ASSIGNMENT >>
Output the entries below so that they read exactly as they do now.

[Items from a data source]
»»

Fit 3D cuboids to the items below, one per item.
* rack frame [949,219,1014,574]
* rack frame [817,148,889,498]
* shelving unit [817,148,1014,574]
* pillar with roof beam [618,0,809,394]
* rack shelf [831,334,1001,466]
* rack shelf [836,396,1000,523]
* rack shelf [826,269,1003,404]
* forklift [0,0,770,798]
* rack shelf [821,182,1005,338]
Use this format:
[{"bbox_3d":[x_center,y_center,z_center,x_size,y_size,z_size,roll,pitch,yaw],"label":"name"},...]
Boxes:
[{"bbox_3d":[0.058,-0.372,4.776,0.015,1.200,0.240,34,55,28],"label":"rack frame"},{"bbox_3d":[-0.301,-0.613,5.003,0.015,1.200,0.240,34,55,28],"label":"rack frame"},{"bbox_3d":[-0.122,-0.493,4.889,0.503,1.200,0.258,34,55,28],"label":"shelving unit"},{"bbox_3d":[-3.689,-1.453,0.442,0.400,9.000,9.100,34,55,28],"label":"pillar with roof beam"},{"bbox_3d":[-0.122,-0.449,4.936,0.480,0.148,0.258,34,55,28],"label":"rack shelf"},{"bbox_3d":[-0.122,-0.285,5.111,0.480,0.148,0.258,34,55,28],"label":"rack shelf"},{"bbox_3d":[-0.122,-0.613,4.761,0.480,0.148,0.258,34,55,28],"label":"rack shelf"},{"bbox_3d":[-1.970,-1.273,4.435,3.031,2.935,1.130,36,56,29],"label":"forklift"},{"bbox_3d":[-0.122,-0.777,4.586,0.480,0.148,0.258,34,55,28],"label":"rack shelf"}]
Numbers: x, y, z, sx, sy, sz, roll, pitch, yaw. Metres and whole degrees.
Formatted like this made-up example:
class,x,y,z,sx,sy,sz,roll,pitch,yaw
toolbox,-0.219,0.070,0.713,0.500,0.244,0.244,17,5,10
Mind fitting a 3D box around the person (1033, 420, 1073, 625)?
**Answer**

««

SOLUTION FOR THIS TASK >>
Fit 3D cuboids to the items below, one per item.
* rack frame [949,219,1014,574]
* rack frame [817,148,889,498]
* shelving unit [817,148,1014,574]
* pillar with roof beam [618,0,809,394]
* rack shelf [831,334,1001,466]
* rack shelf [836,396,1000,523]
* rack shelf [826,269,1003,404]
* forklift [0,0,770,798]
* rack shelf [821,182,1005,338]
Use this format:
[{"bbox_3d":[x_center,y_center,z_center,x_size,y_size,z_size,roll,pitch,yaw],"label":"name"},...]
Boxes:
[{"bbox_3d":[0.058,-0.372,4.776,0.015,1.200,0.240,34,55,28],"label":"rack frame"},{"bbox_3d":[-0.301,-0.613,5.003,0.015,1.200,0.240,34,55,28],"label":"rack frame"},{"bbox_3d":[-0.122,-0.493,4.889,0.503,1.200,0.258,34,55,28],"label":"shelving unit"},{"bbox_3d":[-3.689,-1.453,0.442,0.400,9.000,9.100,34,55,28],"label":"pillar with roof beam"},{"bbox_3d":[-0.122,-0.449,4.936,0.480,0.148,0.258,34,55,28],"label":"rack shelf"},{"bbox_3d":[-0.122,-0.285,5.111,0.480,0.148,0.258,34,55,28],"label":"rack shelf"},{"bbox_3d":[-0.122,-0.613,4.761,0.480,0.148,0.258,34,55,28],"label":"rack shelf"},{"bbox_3d":[-1.970,-1.273,4.435,3.031,2.935,1.130,36,56,29],"label":"forklift"},{"bbox_3d":[-0.122,-0.777,4.586,0.480,0.148,0.258,34,55,28],"label":"rack shelf"}]
Numbers: x, y, z, sx, sy, sz, roll, pitch, yaw. Metres and whole degrees.
Formatted like this made-up example:
class,x,y,z,sx,sy,sz,roll,pitch,yaw
toolbox,-0.219,0.070,0.713,0.500,0.244,0.244,17,5,10
Mind fitting a 3D box around the person (1033, 420, 1073, 625)?
**Answer**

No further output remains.